Dans le document LES ADOLESCENTS FACE AUX IMAGES VIOLENTES (Page 39-43)

Les jeunes enquêtés du Groupe 1 construisent une distance avec ces plateformes, s’en servant pour garder le contact avec des proches ou pour se faire une sorte de « carte d’identité » virtuelle. On peut y déceler une « compétence stratégique », définie par Périne Brotcorne et Gérard Valenduc (2009,

p. 54) comme « l’aptitude à utiliser l’information de manière proactive, à lui donner du sens dans son propre cadre de vie et à prendre des décisions en vue d’agir sur son environnement professionnel et personnel ». Dès le premier entretien dans l’établissement 1, les adolescents se montrent très à l’aise pour exposer leur stratégie sur les réseaux sociaux. Ils ont pratiquement tous ouvert un compte sur Facebook, d’autant que le lycée le leur impose depuis la seconde.

Elias : […] c’est vrai que Facebook ça a maintenant un côté un peu plus officiel, ça veut dire que, bah, ça a été créé en 2004, du coup il y a le temps qui est passé, et, voilà, pour nous je dirai que c’est presque, notre carte d’identité des réseaux sociaux, je pense…

Plusieurs personnes approuvent.

Elias : Ça veut dire que c’est la première étape, fin, le premier réflexe qu’on va avoir quand on découvre quelqu’un au lycée…

Plusieurs autour de lui approuvent.

Elias : c’est qu’on va chercher son nom sur Facebook, et ça voilà, fin, un peu… Une fille: Ah, c’est elle qui stalk32 (Rires forts de plusieurs personnes).

Elias : Non, mais il y a vraiment ça. Il faut faire attention à ce qu’on poste, et il faut vraiment donner l’image qu’on a envie de donner de nous.

Louis : Ah, oui.

Elias : Et en plus les nouvelles générations, nous, on a beaucoup plus de recul qu’avant, quand on était au collège. Je crois qu’on a un peu déserté Facebook, ou au moins on poste beaucoup moins de choses dessus et on va peut-être changer sa photo de profil une fois tous les cinq mois et après…

Fille : Voilà…

Elias : Et encore, et voilà quoi. Donc du coup… on fait également attention à ce qu’on va « aimer » sur Facebook et tout, pour, voilà, donner l’image qu’on a envie de donner.

Fille : Tu as raison quand tu dis que c’est une carte d’identité…(Entretien collectif, établissement 1)

Ces échanges montrent bien la capacité à élaborer une stratégie numérique et à l’exposer.
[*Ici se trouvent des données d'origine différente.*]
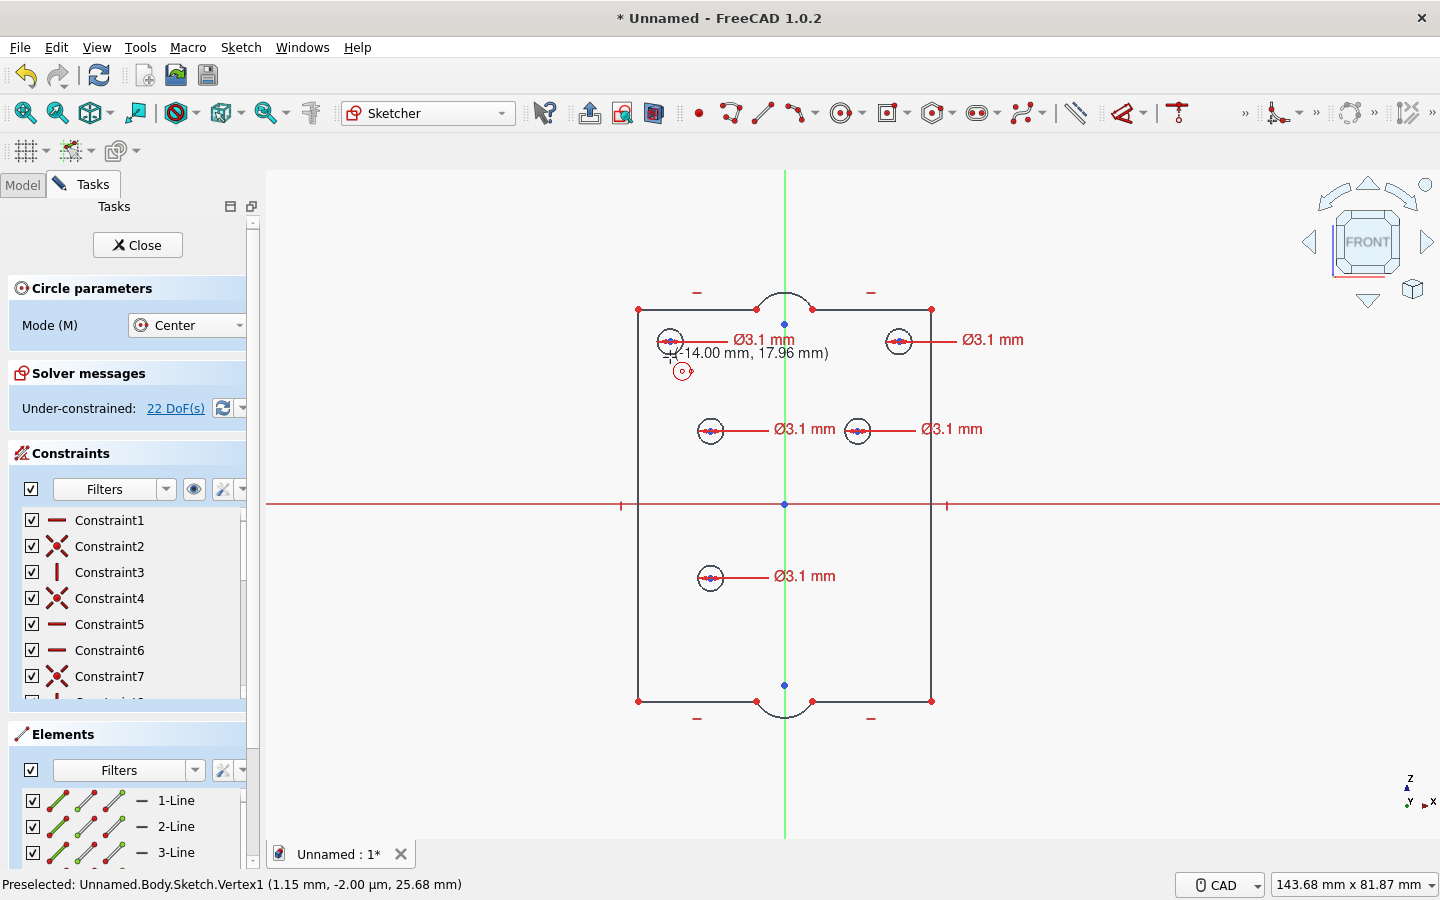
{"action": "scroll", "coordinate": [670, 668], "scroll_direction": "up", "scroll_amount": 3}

Il s’agit là d’une norme collective partagée, autour d’un contrôle très fort de son image sociale. Elias qui a un fort désir d’inclusion dans le groupe, explique plus tard comment il est important d’être présent sur les RSN, sans en avoir l’air. Disposant d’une grande habileté dans l’expression orale, il peut expliciter les normes implicites du contrôle social auquel ils font face sur Facebook. Il faut y être sans y être, avec « nonchalance » explique Elias. Une façon d’assurer une présence, sans se mettre en danger, sans s’exposer au ridicule et à la critique du groupe. Ces stratégies fines de sélection des informations, des moments où on apparaît, qui ne doivent être ni trop fréquents, ni trop éloignés, pour rester sur la scène et dans les mémoires.

Elias : Moi je pense qu’il faut un peu de nonchalance au niveau des réseaux sociaux, fin, je pense que c’est la meilleure attitude à avoir, parce que, si les gens voient qu’on est trop impliqué, qu’on va montrer notre vie, etc. eh, ça devient vraiment ridicule, c’est comme si [on ] n’a pas de vie et tout…

Quelques-uns rient.

Garçon : Fin, en soi, on se dit c’est un « bolos » et tout… Fille : Oui, c’est ça.

Plusieurs personnes rient. Fille : Ça, ça dépend aussi…

Elias : Et […] quand j’ai un truc, fin, quand, je fais un voyage et [que] j’ai envie de

mettre une photo, des fois je me laisse, fin, le temps de la réflexion, et je me dis : non, on va croire que t’as rien fait de ta vie…

Fille : que c’est le seul voyage (elle rit)…

Elias : (Rit) Ouais, c’est ça, que c’est le premier voyage que tu as fait de ta vie et tout (rit)…

Quelques personnes rient.

Elias : Et du coup, fin, voilà, donc il faut absolument adopter une position, fin, avoir un regard extérieur des réseaux sociaux, être nonchalant, et montrer qu’on est là sans être là, ça veut dire que, je viens et après je repars, et bah je regarde ce qui se passe, et…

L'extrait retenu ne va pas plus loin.